# Interesting Shop Built Lever Tailstock For A 6" Lathe



## pebbleworm (Jan 10, 2016)

This lever action tailstock was briefly on eBay with a 150.00 buy it now.  I've been thinking of making something similar from a spare Mk. II tailstock, and this design gives me something more to think about.


----------



## David VanNorman (Jan 10, 2016)

That is a nice set up . You need to put a crank to eject the tooling then it will be done.


----------



## pebbleworm (Jan 10, 2016)

The new ram is solid (from the pictures), so I suspect  the drill chuck is mounted permanently.  The throw seems long which is a very good thing for a 6" Atlas, but how long can you go before things get loose?  I really need to find a good source for screw machine drills.


----------



## David VanNorman (Jan 10, 2016)

I don't have good source for drills ,I just buy what I need when I need them.

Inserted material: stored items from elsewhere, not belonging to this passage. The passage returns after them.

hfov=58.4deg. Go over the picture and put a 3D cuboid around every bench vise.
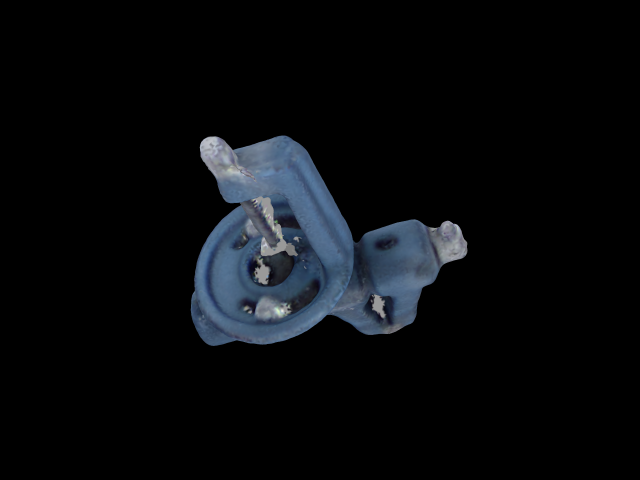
[{"bbox_3d":[-0.002,-0.007,0.406,0.208,0.220,0.121,-23,59,-15],"label":"bench vise"}]
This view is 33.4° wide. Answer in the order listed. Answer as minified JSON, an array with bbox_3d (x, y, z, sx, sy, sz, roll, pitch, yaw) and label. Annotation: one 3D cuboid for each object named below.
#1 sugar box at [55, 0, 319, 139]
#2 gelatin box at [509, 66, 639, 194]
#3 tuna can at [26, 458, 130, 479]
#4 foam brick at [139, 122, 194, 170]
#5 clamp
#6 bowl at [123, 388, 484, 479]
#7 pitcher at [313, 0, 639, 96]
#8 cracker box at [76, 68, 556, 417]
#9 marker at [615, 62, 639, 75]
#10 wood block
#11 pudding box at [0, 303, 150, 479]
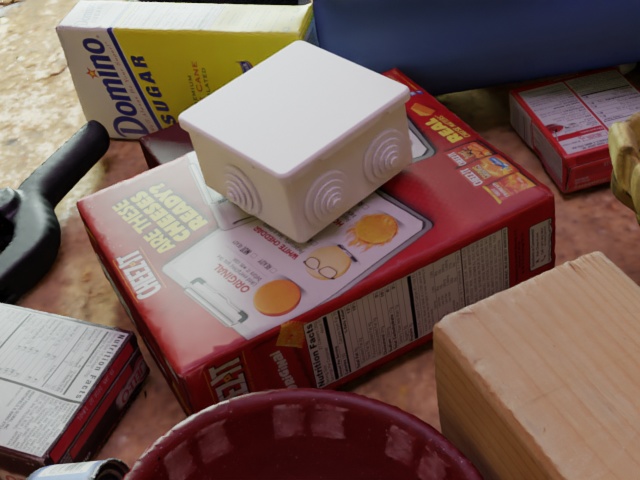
[{"bbox_3d":[-0.083,-0.111,0.721,0.176,0.093,0.048,3,42,17],"label":"sugar box"},{"bbox_3d":[0.168,-0.070,0.664,0.073,0.030,0.089,-15,39,-7],"label":"gelatin box"},{"bbox_3d":[-0.099,0.136,0.446,0.034,0.086,0.086,-7,41,8],"label":"tuna can"},{"bbox_3d":[-0.065,-0.047,0.675,0.078,0.051,0.053,-25,44,-15],"label":"foam brick"},{"bbox_3d":[-0.192,-0.019,0.682,0.120,0.039,0.171,-16,47,1],"label":"clamp"},{"bbox_3d":[-0.007,0.137,0.436,0.162,0.055,0.162,1,39,-1],"label":"bowl"},{"bbox_3d":[0.119,-0.162,0.668,0.243,0.145,0.149,-4,32,18],"label":"pitcher"},{"bbox_3d":[-0.004,0.001,0.591,0.213,0.072,0.164,-25,42,-15],"label":"cracker box"},{"bbox_3d":[0.244,-0.145,0.740,0.121,0.020,0.020,-30,44,-20],"label":"marker"},{"bbox_3d":[0.135,0.108,0.422,0.090,0.090,0.206,-22,41,-14],"label":"wood block"},{"bbox_3d":[-0.160,0.080,0.561,0.114,0.039,0.090,11,44,22],"label":"pudding box"}]
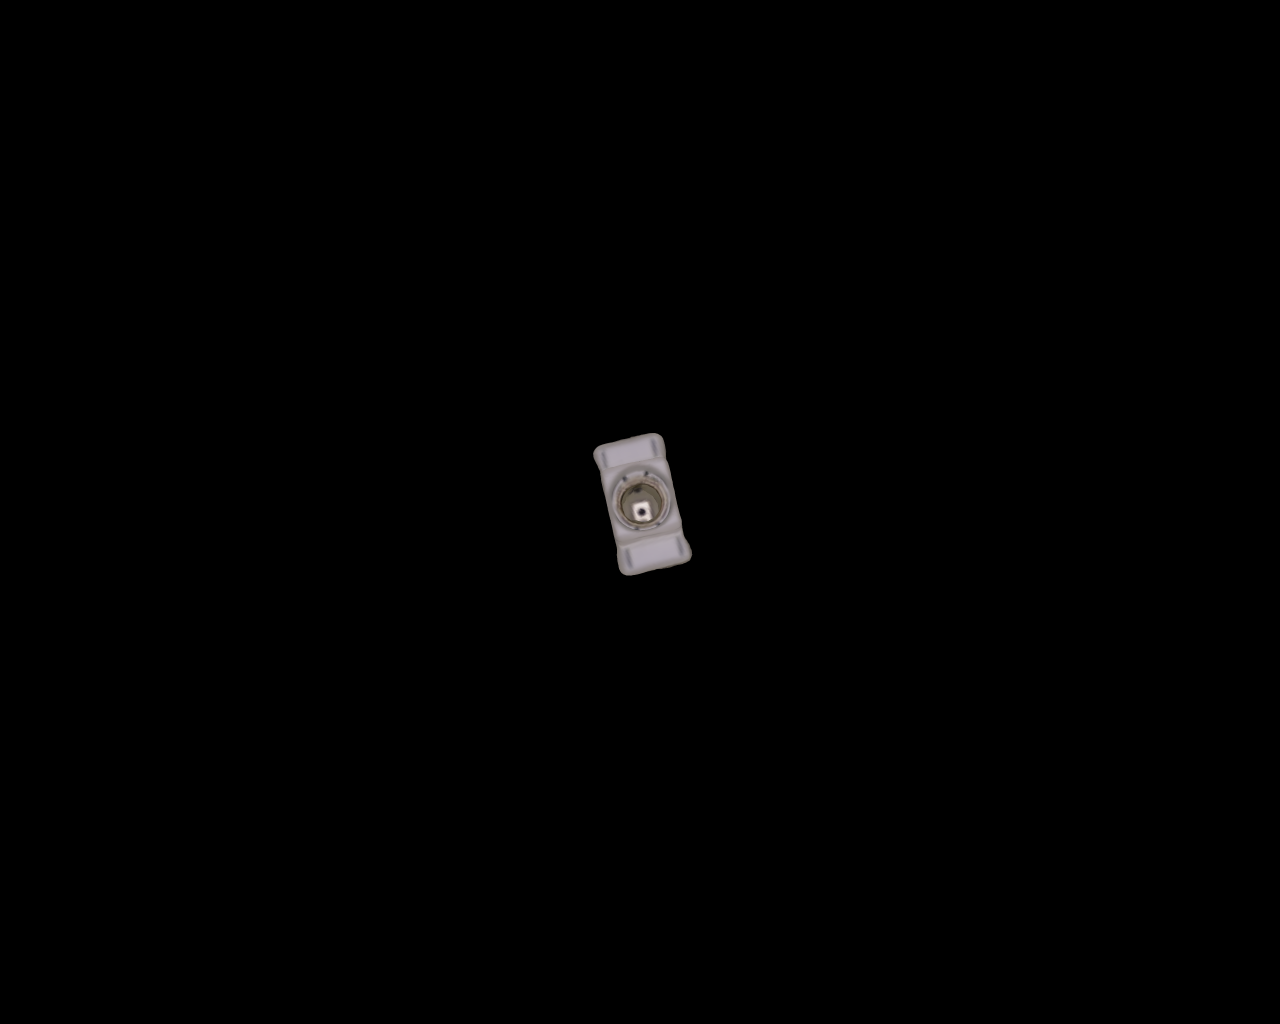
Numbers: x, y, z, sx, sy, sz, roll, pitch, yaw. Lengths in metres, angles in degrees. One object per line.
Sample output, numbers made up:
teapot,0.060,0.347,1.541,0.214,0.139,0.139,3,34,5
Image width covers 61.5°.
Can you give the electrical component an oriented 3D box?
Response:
electrical component,0.001,-0.003,0.650,0.042,0.081,0.063,-11,-11,-2
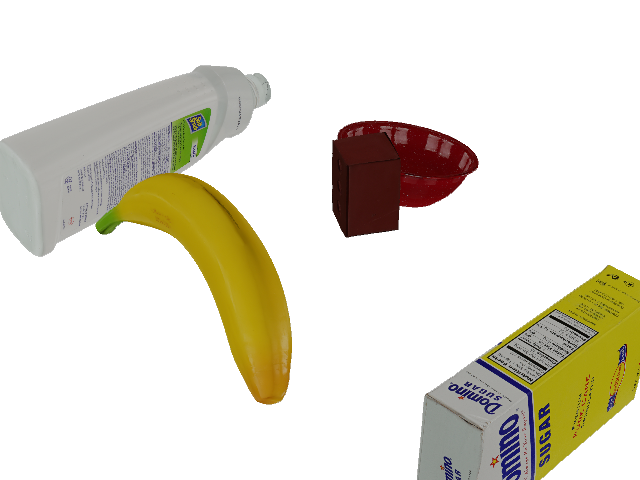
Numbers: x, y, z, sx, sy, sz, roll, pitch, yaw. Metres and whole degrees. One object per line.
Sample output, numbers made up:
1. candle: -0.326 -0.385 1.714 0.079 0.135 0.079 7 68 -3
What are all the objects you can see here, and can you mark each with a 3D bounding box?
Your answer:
1. bowl: 0.094 -0.082 1.209 0.162 0.055 0.162 9 26 -4
2. foam brick: 0.041 -0.051 0.971 0.051 0.078 0.053 -7 33 -10
3. banana: -0.063 0.011 0.607 0.037 0.070 0.198 7 24 -42
4. bleach bottle: -0.147 -0.082 0.903 0.250 0.103 0.068 -29 60 -33
5. sugar box: 0.130 0.093 0.628 0.048 0.093 0.175 29 44 34
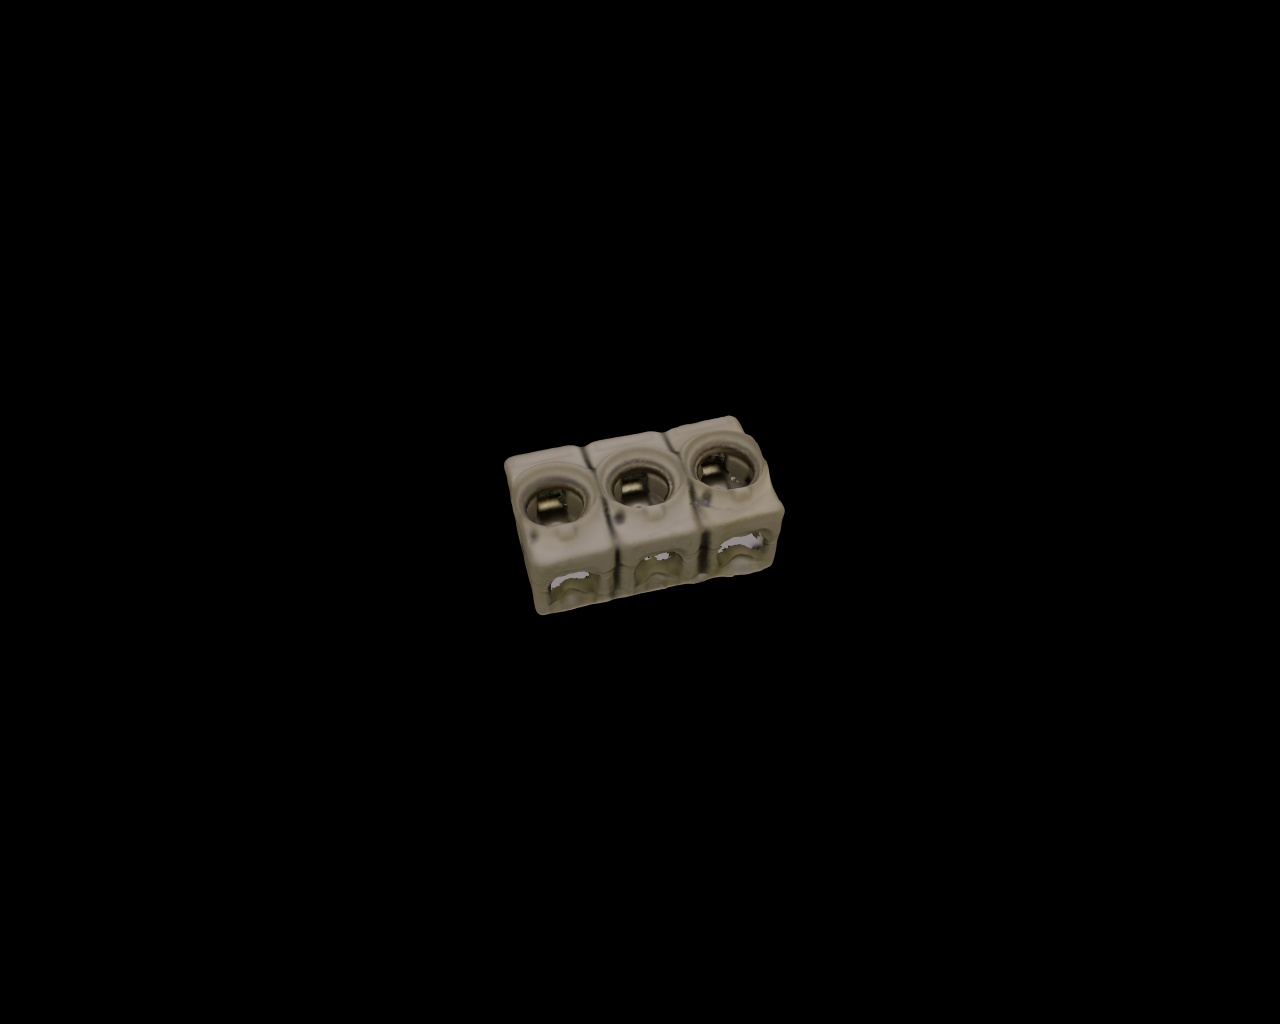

Had A place in Reading PA that had factory salvage but that is gone. As far as the lever tail stock it should not be too bad as it just runs in and out fairly straight. Cast against steel if lubed should last ok.


----------



## mattthemuppet2 (Jan 11, 2016)

dang, that would certainly solve the issue of teeny tiny tailstock travel that I have on my 618


----------



## pebbleworm (Jan 11, 2016)

Here is someone who milled down a tailstock from a 9" Logan to solve that problem:
http://www.penturners.org/forum/f166/upgraded-tail-stock-bigger-better-101792/
A pretty crafty idea!  From looking at common 9" tailstocks on the web, it looks like only the Logan has enough metal after cutting down to work.


----------



## Wisrianni (Jan 14, 2016)

Thats a great idea if you get a broken down tail stock and dont wanna cough up the money for the handle,bearings,threaded shaft and all the other stuff in there.


----------